You say that you have all these reforms that have been in place over the last half a decade. They have not delivered for the employees. It is not a safe workplace for the employees. I just go back to the defibrillator case where the commissioner said on the ABC that yes, it was adding to stress levels inside the ESA. But you said, “No, nothing wrong here.” And then you were the one who took the bushfire preparedness report from the Auditor-General and said it was a ringing endorsement. She said you broke the law. In answer to the questions I have asked about holding you accountable, you have said that tomorrow you will table the statement of capability that the strategic bushfire management plan has lacked for years—again, mismanagement from this minister of this incredibly essential service to the people of the ACT.

I think the employees deserve better. We did not hear a single word from the minister. No wonder the UFU dissociated themselves from the ACT ALP before the last election. We did not hear a single word about the concerns the staff, the fire and rescue staff, who work at the control centre have raised—not a word, just glossed over that. “I have put the new fire station somewhere else.”

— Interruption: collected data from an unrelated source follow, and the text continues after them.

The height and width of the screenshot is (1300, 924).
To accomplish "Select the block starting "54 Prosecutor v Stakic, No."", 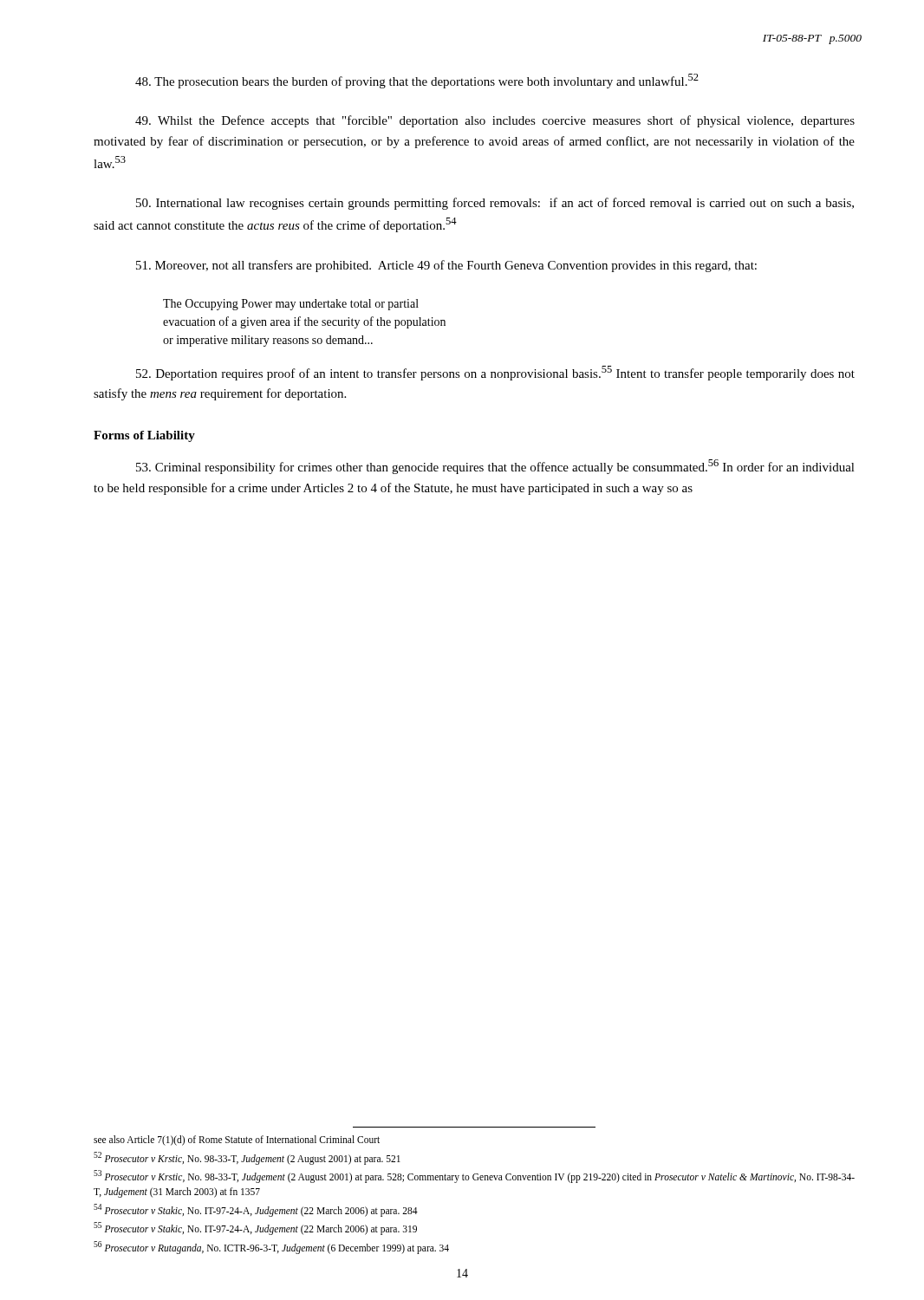I will [x=255, y=1208].
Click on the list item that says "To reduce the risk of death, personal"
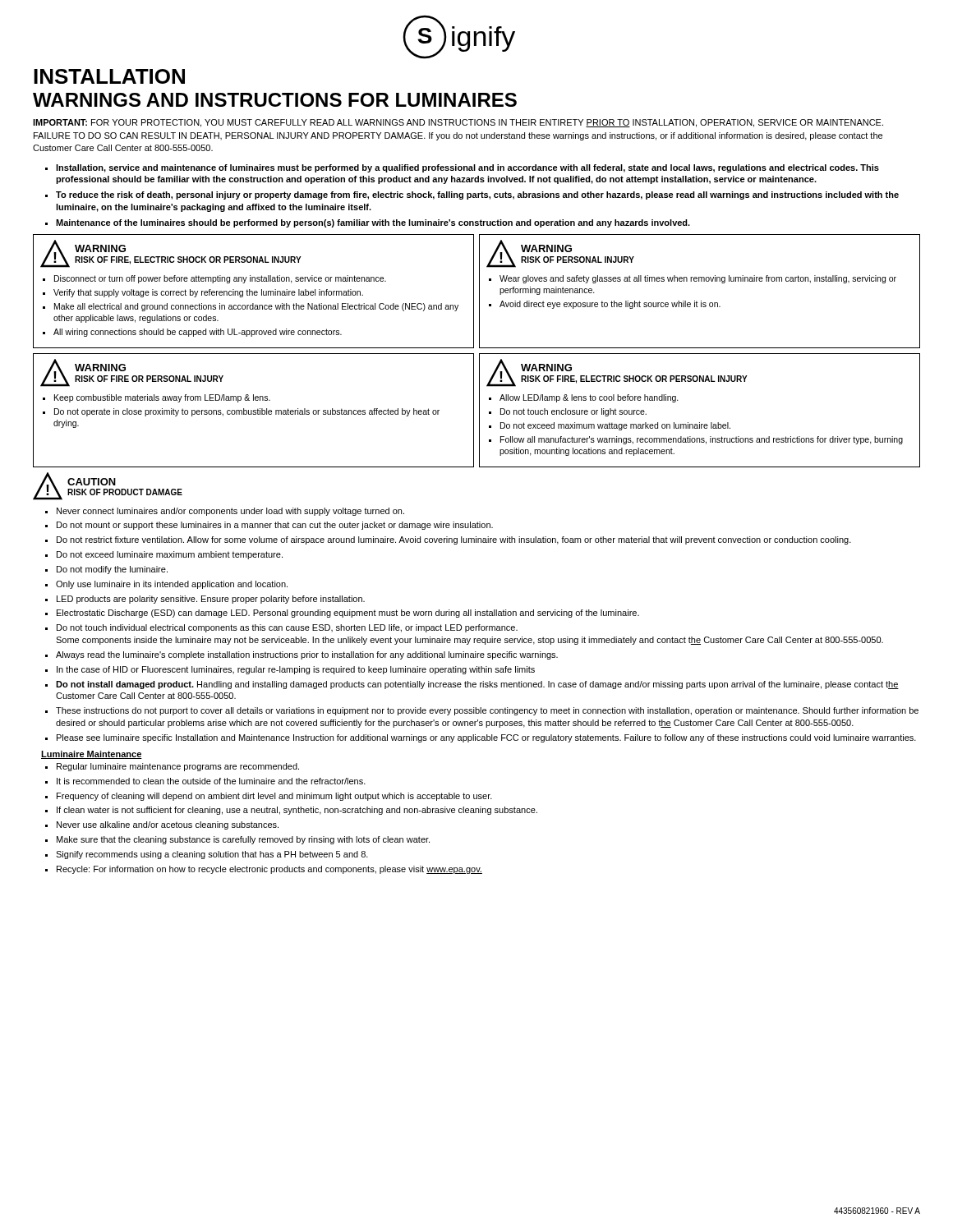The image size is (953, 1232). pyautogui.click(x=477, y=201)
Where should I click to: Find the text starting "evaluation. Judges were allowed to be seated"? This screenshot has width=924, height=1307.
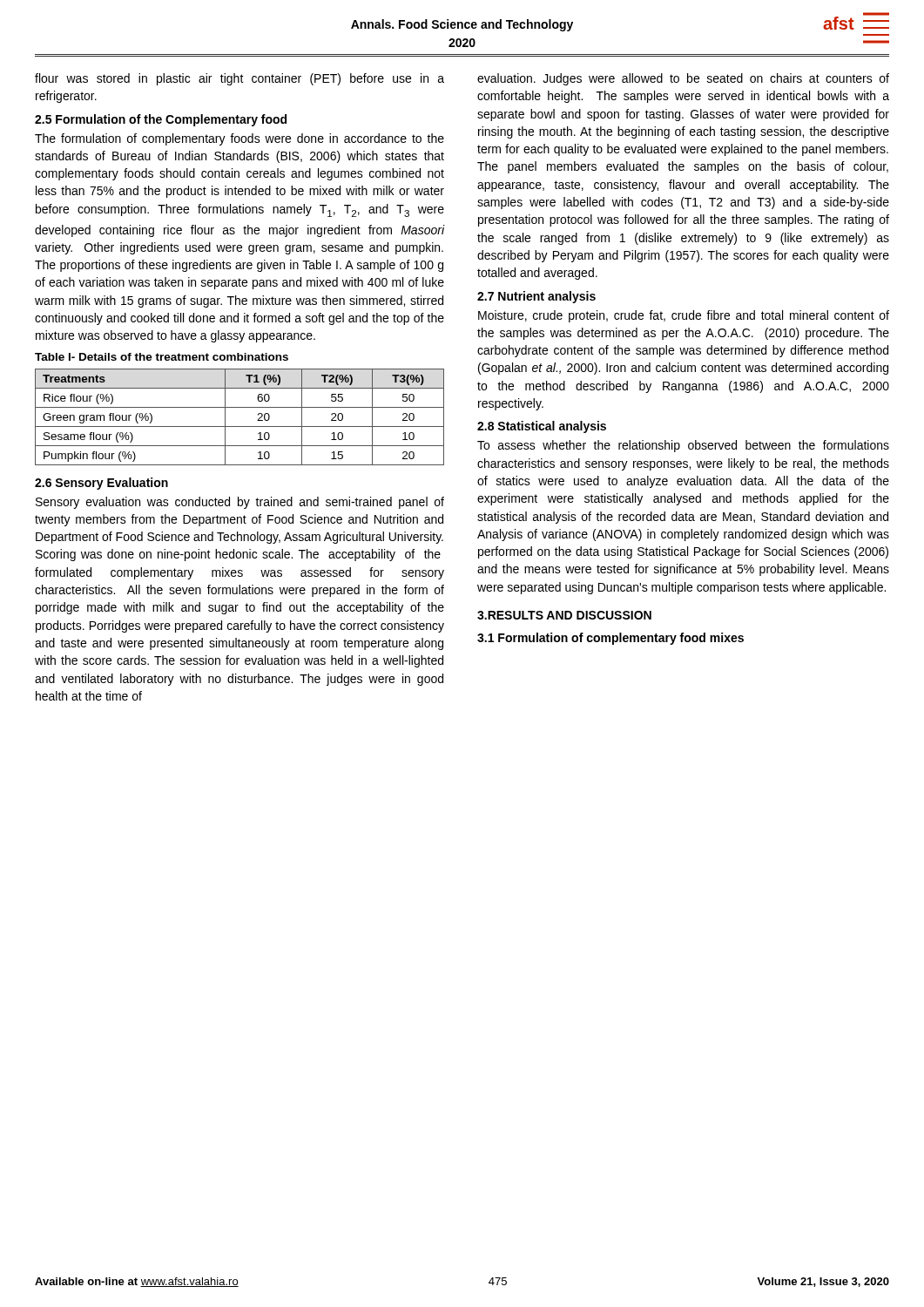[x=683, y=176]
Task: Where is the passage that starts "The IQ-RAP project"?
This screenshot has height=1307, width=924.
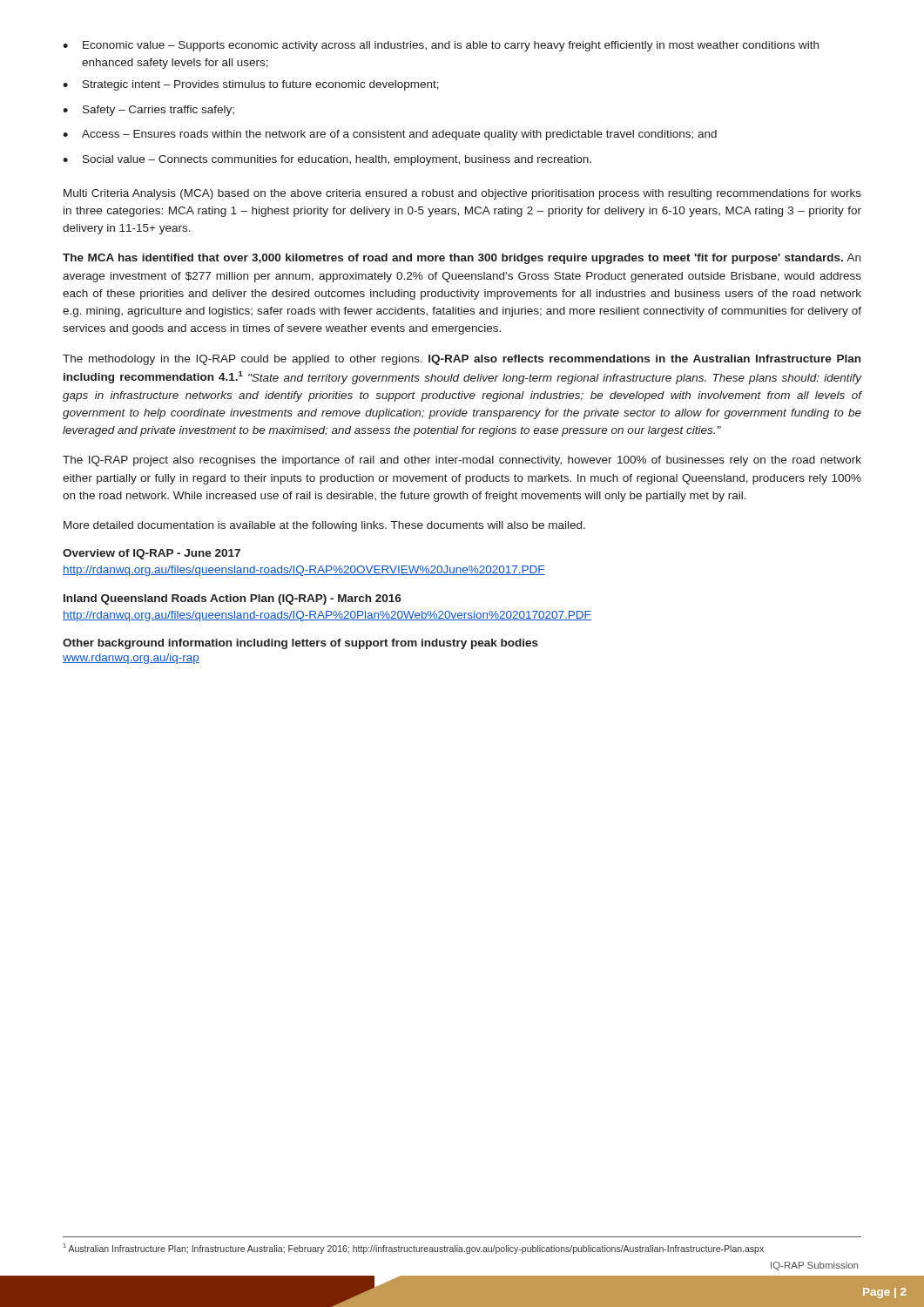Action: (462, 477)

Forget about what is going on now, forget about the damage that you are doing to individuals or allowing to occur to individuals, minister, because you have been reckless or irresponsible in performing your duties. This is why it should be outside the JACS portfolio. You have used JACS as a buffer. You have used JACS to distance yourself—

MADAM SPEAKER: Mr Smyth, could you address the chair please.

MR SMYTH: Through you, Madam Speaker, the minister has distanced himself from the ESA portfolio, and that is what is leading to these problems. These are not things that I just thought up, minister. I know you would like to have people think that this is some sort of illusion, that this is some sort of creation of mine. But these are issues that are brought to me—I say this through you, Madam Speaker—from the staff. It is the staff that have raised it. It is from members of Fire and Rescue, the Ambulance Service, the State Emergency Service and the RFS—and I will read the litany one more time—who have concerns about first responder medical pay and training, which the minister has not addressed, who want to know what the draft terms of reference for the capability review were and why it was never carried out, who have commented to me on the effectiveness of cross-crewing and who have told me they need a second Bronto. But no, he gets his filtered versions through JACS. And he says, “Not so.”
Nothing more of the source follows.